WhiteBox Adversarial Algorithms

FGSM(model, loss, x, y; ϵ = 0.1, clamp_range = (0, 1))

Fast Gradient Sign Method (FGSM) is a method of creating adversarial examples by pushing the input in the direction of the gradient and bounded by the ε parameter.

This method was proposed by Goodfellow et al. 2014 (https://arxiv.org/abs/1412.6572)

Arguments:

• model: The model to base the attack upon.
• loss: The loss function to use. This assumes that the loss function includes the predict function, i.e. loss(x, y) = crossentropy(model(x), y).
• x: The input to be perturbed by the FGSM algorithm.
• y: The 'true' label of the input.
• ϵ: The amount of perturbation to apply.
• clamp_range: Tuple consisting of the lower and upper values to clamp the input.

PGD(model, loss, x, y; ϵ = 10, step_size = 0.1, iters = 100, clamp_range = (0, 1))

Projected Gradient Descent (PGD) is an itrative variant of FGSM with a random point. For every step the FGSM algorithm moves the input in the direction of the gradient bounded in the l∞ norm. (https://arxiv.org/pdf/1706.06083.pdf)

Arguments:

• model: The model to base teh attack upon.
• loss: the loss function to use, assuming that it includes the prediction function i.e. loss(x, y) = crossentropy(m(x), y)
• x: The input to be perturbed.
• y: the ground truth for x.
• ϵ: The bound around x.
• step_size: The ϵ value in the FGSM step.
• iters: The maximum number of iterations to run the algorithm for.
• clamp_range: The lower and upper values to clamp the input to.

JSMA(model, x, t; Υ, θ)

Jacobian Saliency Map Algorithm (JSMA), craft adversarial examples by modifying a very small amount of pixels. These pixels are selected via the jacobian matrix of the output w.r.t. the input of the network. (https://arxiv.org/pdf/1511.07528.pdf)

Arguments:

• model: The model to create adversarial examples for.
• x: The original input data
• t: Index corrosponding to the target class (this is a targeted attack).
• Υ: The maximum amount of distortion
• θ: The amount by which each feature is perturbed.

CW(model, x, t; dist = euclidean, c = 0.1)

Carlini & Wagner's (CW) method for generating adversarials through the optimisation of a loss function against a target class. Here we consider the F6 variant loss function. (https://arxiv.org/pdf/1608.04644.pdf)

Arguments:

• model: The model to attack.
• x: The original input data
• t: Index label corrosponding to the target class.
• dist: The distance measure to use L0, L2, L∞. Assumes this is from the Distances.jl library or some other callable function.
• c: value for the contribution of the missclassification in the error function.

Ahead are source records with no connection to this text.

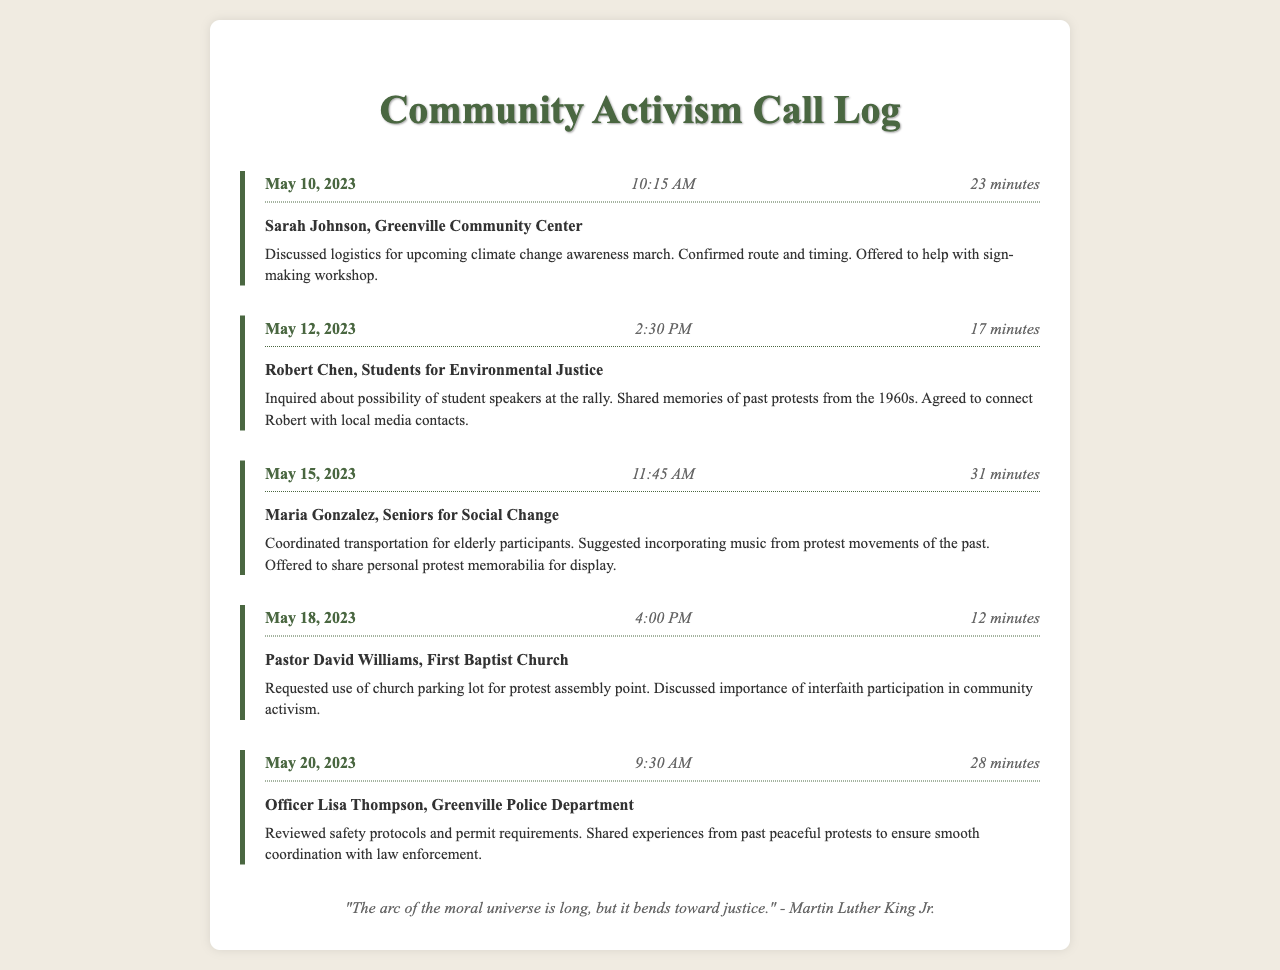What is the date of the first call? The first call is logged on May 10, 2023.
Answer: May 10, 2023 Who did Sarah Johnson call regarding the climate change awareness march? Sarah Johnson, from the Greenville Community Center, discussed logistics for the upcoming march.
Answer: Sarah Johnson What was the duration of the call with Robert Chen? The call with Robert Chen lasted 17 minutes.
Answer: 17 minutes What topic did Maria Gonzalez suggest incorporating into the protest? Maria Gonzalez suggested incorporating music from protest movements of the past.
Answer: Music from protest movements How many minutes was the call with Officer Lisa Thompson? The call with Officer Lisa Thompson lasted 28 minutes.
Answer: 28 minutes What was Pastor David Williams requesting for the protest? Pastor David Williams requested the use of the church parking lot for the protest assembly point.
Answer: Church parking lot Which organization is connected to Robert Chen? Robert Chen is connected to Students for Environmental Justice.
Answer: Students for Environmental Justice What kind of memorabilia did Maria Gonzalez offer to share? Maria Gonzalez offered to share personal protest memorabilia for display.
Answer: Personal protest memorabilia

DeepFool(model, x, overshoot = 0.02, max_iter = 50)

Moosavi-Dezfooli et al.'s (https://arxiv.org/pdf/1511.04599.pdf) DeepFool method.

An algorithm to determine the minimum perturbation needed to change the class assignment of the image. This algorithm is useful then for computing a robustness metric of classifiers, where as other algorithms (such as FGSM) may return sub-optimal solutions for generating an adversarial.

The algorithm operates in a greedy way, such that, its not guaranteed to converge to the smallest possible perturbation (that results in an adversarial). Despite this shortcoming, it can often yield a class approximation.

The python/matlab implementations mentioned in the paper can be found at: https://github.com/LTS4/DeepFool/

Arguments:

• model: The flux model to attack before the softmax function.
• image: An array of input images to create adversarial examples for. (size, WHC)
• overshoot: The halting criteria to prevent vanishing gradient.
• max_iter: The maximum iterations for the algorithm.